Tugdual Derville, Alliance VITA a fait une campagne visant à informer les Français sur les directives anticipées. Vous vous êtes aperçus, au cours de cette étude, que les Français étaient très peu informés sur ce sujet-là. Pouvez-vous nous expliquer ce constat ?

Dans le sondage que nous avons fait avec L’IFOP, 14 % des Français seulement affirment avoir rédigé leurs directives anticipées.
Cela signifie que 86 % ne l’ont pas fait. Une partie de ceux-là ignore ce dispositif, en a peur ou n’a pas envie de le faire.
La mort n’est pas un sujet tabou depuis bien longtemps.
Nous expliquons aux Français qu’il est important de se saisir de ce sujet et qu’ils adhèrent.
Pour ce faire, nous leur proposons une charte ainsi qu’un livret qui proposent des directives anticipées qui récusent à la fois l’acharnement thérapeutique et l’euthanasie.
C’est un dispositif rassurant, très pédagogique, adaptable et appropriable.
C’est aussi un moyen de surmonter ses angoisses légitimes à l’approche de la fin de vie, en particulier lorsqu’on ne sait pas comment on va être traité.

Les personnes âgées semblent encore moins informées que le reste de la population.
Y a-t-il une raison à cela ?

 Les personnes âgées ignorent en fait un peu moins les directives anticipées, mais elles y sont plus réticentes.
Lorsqu’on s’approche du sujet, on souhaite davantage faire confiance au personnel soignant et à ses proches. Indiquer par avance ce qui est bon ou mauvais pour soi est très difficile. Si je me demande si j’accepterai ou non une trachéotomie ou une gastrostomie, je ne serai pas en mesure de répondre tant que je ne serai pas en situation de maladie.
Nous voulons privilégier, en ce qui nous concerne, des directives qui donnent certes des indications. Elles sont toujours précieuses pour les médecins et pour les proches, surtout dans le cas où on est dans l’incapacité de s’exprimer. Mais des directives qui laissent la place à ce dialogue entre le soignant et le soigné ou les proches, ou la personne de confiance désignée.
Ainsi, cette déontologie médicale qui vise à prendre soin de la personne en respectant toujours sa vie, en luttant contre toutes douleurs et toutes souffrances peut être respectée par l’équipe médicale.

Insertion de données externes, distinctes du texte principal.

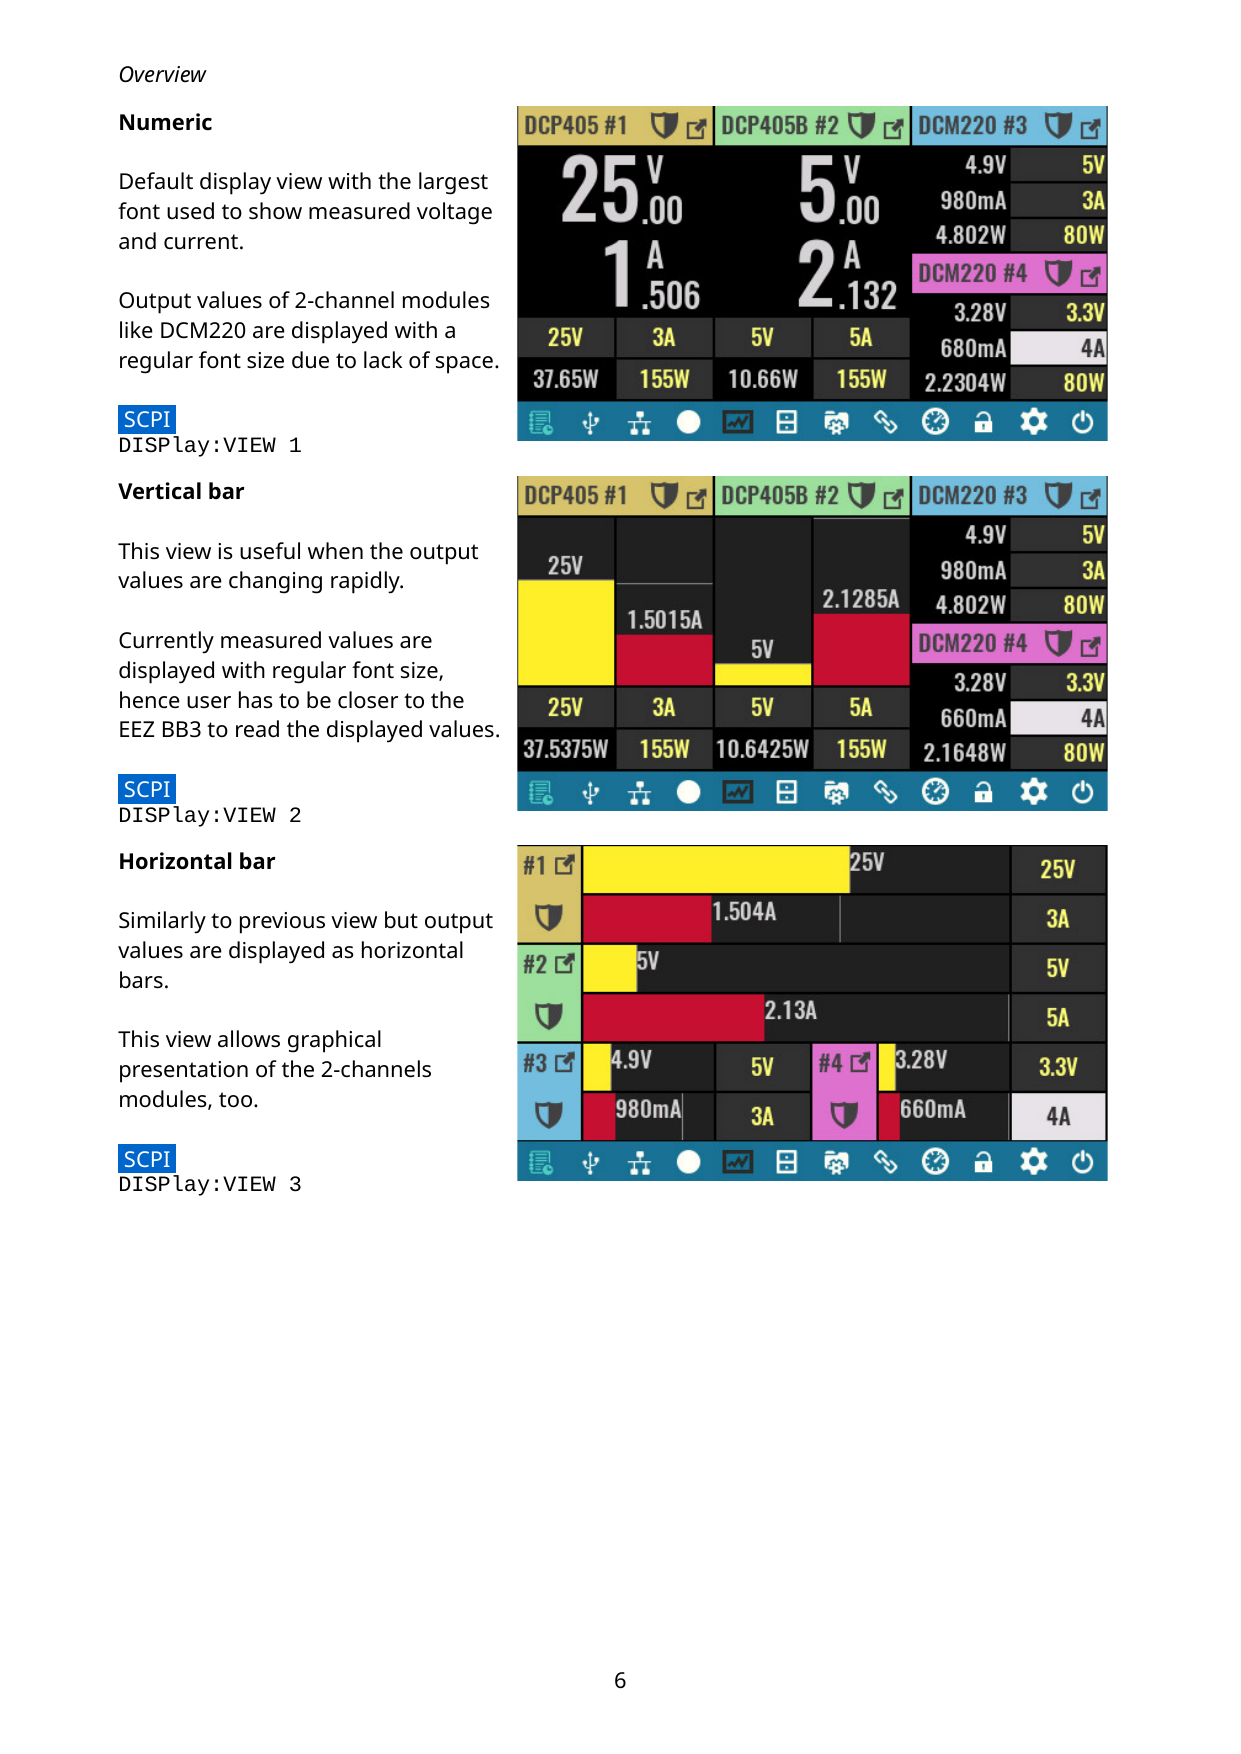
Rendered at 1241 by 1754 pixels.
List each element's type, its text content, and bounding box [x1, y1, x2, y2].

picture [517, 845, 1108, 1181]
table_header [502, 476, 1123, 829]
table_header Vertical bar This view is useful when the output values are changing rapidly. Currently measured values are displayed with regular font size, hence user has to be closer to the EEZ BB3 to read the displayed values. SCPI DISPlay:VIEW 2 [118, 476, 502, 829]
picture [517, 476, 1108, 811]
picture [517, 106, 1108, 441]
table_header Numeric Default display view with the largest font used to show measured voltage and current. Output values of 2-channel modules like DCM220 are displayed with a regular font size due to lack of space. SCPI DISPlay:VIEW 1 [118, 107, 502, 459]
table_header [502, 107, 1123, 459]
table_header [502, 846, 1123, 1210]
table_header Horizontal bar Similarly to previous view but output values are displayed as horizontal bars. This view allows graphical presentation of the 2-channels modules, too. SCPI DISPlay:VIEW 3 [118, 846, 502, 1210]

L’élection d’Emmanuel Macron va sans doute entraîner beaucoup de demandes, notamment de la part des partisans de l’euthanasie.
Est-ce qu’Alliance VITA est prête à mener ce combat-là ?
Craignez-vous, durant ce quinquennat, qu’un tel projet de loi apparaisse ?

Nous sommes très vigilants.
Nous sommes très vigilants d’abord parce que nous observons de fortes pressions dans ce sens. Le ministre de la Santé a eu des propos contradictoires, montrant une certaine prudence récemment.
Nous sommes également vigilants sur l’application de la récente loi Claeys-Leonetti dans la mesure où elle prévoit un droit à la sédation profonde et continue jusqu’au décès. Nous savons que cela peut être un cheval de Troie de l’euthanasie si elle est mal utilisée, c’est-à-dire selon des modalités telles que l’arrêt de l’hydratation et de l’alimentation qui aurait pour objectif de provoquer la mort. Cela ne devrait normalement pas être le cas d’une sédation. Elle est très encadrée, elle reste exceptionnelle, car cela enlève toute liberté d’être endormi.
Nous sommes déjà vigilants sur l’application de la loi actuelle et nous le serions, bien sûr, plus encore si le gouvernement s’apprêtait à franchir la ligne rouge que constitue l’interdiction de tuer. Cela est fondateur de la confiance entre soignants et soignés.
Nous sommes déjà mobilisés, mais dans ce cas nous irions très loin dans notre résistance dans la mesure où cela casserait tout l’équilibre du système de santé français avec un rythme de sédations observé en Belgique ou en Hollande. À partir d’un cas limite savamment orchestré, on arrive dans ces pays à des euthanasies beaucoup plus répandues, allant jusqu’à l’euthanasie de personnes dépressives, ce qui est quand même extraordinairement scandaleux.